- The Deepwater Horizon disaster is considered the largest marine oil spill in United States history.
- New research to be published in the journal Science tomorrow quantifies for the first time the damage done to the Gulf of Mexico’s natural resources by the 2010 disaster.
- Researchers determined that the average U.S. household is willing to pay $153 for a program to prevent future oil spills, and this figure was used to extrapolate the final $17.2 billion estimate of how much the Gulf’s natural resources are worth.
New research to be published in the journal Science tomorrow quantifies for the first time the damage done to the Gulf of Mexico’s natural resources by the 2010 Deepwater Horizon disaster.
Seven years ago yesterday, a blowout at an ultra-deepwater well operated by British oil giant BP in the Gulf of Mexico caused an explosion on the Deepwater Horizon offshore drilling rig, which BP had leased from Swiss drilling services contractor Transocean. The rig sank 5,000 feet to the Gulf floor two days later. Oil spewed from the well for 87 days until it was finally capped.
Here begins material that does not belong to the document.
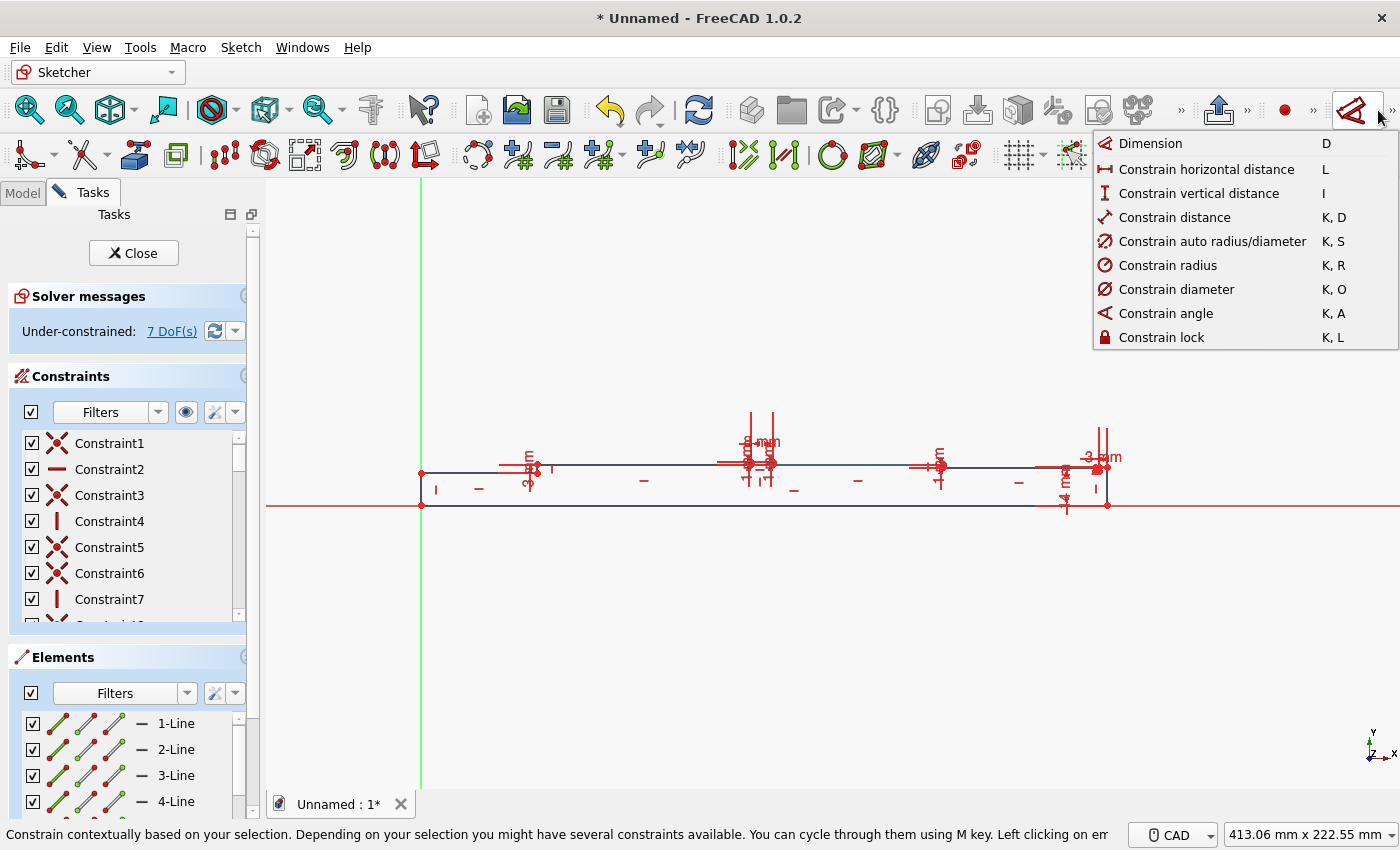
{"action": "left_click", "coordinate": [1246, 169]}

Ultimately responsible for an estimated 134 million gallons of oil pouring into the Gulf of Mexico, the Deepwater Horizon disaster is considered the largest marine oil spill in United States history. And the researchers behind the Science study estimate that it inflicted $17.2 billion in damages on the Gulf’s natural resources.
In order to arrive at a monetary value for the harm done to the Gulf, 18 researchers, commissioned by the U.S. National Oceanic and Atmospheric Administration in May 2010, surveyed a large, random sample of American adults. The survey took three years to develop and included information on the negative impacts to animals, beaches, coral, fish, and marshes.
While market transaction data can be used to establish how much privately owned assets are worth, determining the value of the public services provided by natural assets, which are not exchanged on markets, is much more difficult.
“[T]hus, efforts to learn about people’s values involve either untestable assumptions about how other things people do relate to these services or empirical estimates based on responses to stated preference surveys,” the authors of the study write. “Valuation based on such surveys has been criticized because the respondents are not engaged in real transactions. Our research in the aftermath of the 2010 BP Deepwater Horizon oil spill addresses these criticisms using the first, nationally representative, stated preference survey that tests whether responses are consistent with rational economic choices that are expected with real transactions.”
After being given information on conditions in the Gulf of Mexico before and after the spill, survey respondents were told that they could help preempt future oil spills by funding a prevention program that could be viewed as 100 percent effective, and without which another spill would occur within the next 15 years. Based on the survey responses they received, the researchers determined that the average U.S. household is willing to pay $153 for such preventive measures, and this figure was used to extrapolate the final $17.2 billion estimate of how much the Gulf’s natural resources are worth.
“The results were eye-opening in that we could tell how much people really value marine resources and ecosystems,” Kevin Boyle, a professor of agricultural and applied economics at Virginia Tech and a co-author of the study, said in a statement. “And even more meaningful because we did additional analysis that proved the legitimacy of oft-criticized values for environmental resources.”
Boyle added that “This is proof that our natural resources have an immense monetary value to citizens of the United States who visit the Gulf and to those who simply care that this valuable resource is not damaged.”
In September 2014, U.S. District Judge Carl Barbier in New Orleans ruled that BP’s “reckless” operations, willful misconduct, and gross negligence led to the Deepwater Horizon disaster, and assigned 67 percent of the fault for it to the company. Barbier found that Transocean and Halliburton, which was contracted to do cement work on the well, were merely negligent, and apportioned 30 percent and three percent of the fault to those companies, respectively.
The federal judge approved a $20 billion settlement with BP last year, the largest environmental settlement in U.S. history, which included $8.8 billion for natural resource damage and a $5.5 billion fine under the Clean Water Act. The settlement also resolved all legal actions brought against the company by the U.S. federal government and several state governments.
While BP’s legacy in the Gulf of Mexico will forever be tarnished by the $17.2 billion-worth of environmental damage done by the Deepwater Horizon disaster, there have been some less negative outcomes.
BP also agreed to pay $500 million over 10 years to fund independent research into the marine environment of the Gulf of Mexico, which has so far resulted in the discovery of more than 60 species of fish that hadn’t been previously known to reside in the Gulf. At least seven of those species have never before been described to science. And money from the settlement is also helping fund research into innovative new methods for managing fish populations in the Gulf.
Boyle suggests that the estimate he and his colleagues arrived at can be used by policy makers and the oil industry to help guide decisions on how much to spend on restoration efforts for the damage done to the Gulf’s natural resources by the Deepwater Horizon oil spill, as well as how much to invest in protections against damages from future spills. “People value our natural resources, so it’s worth taking major actions to prevent future catastrophes and correct past mistakes,” he said.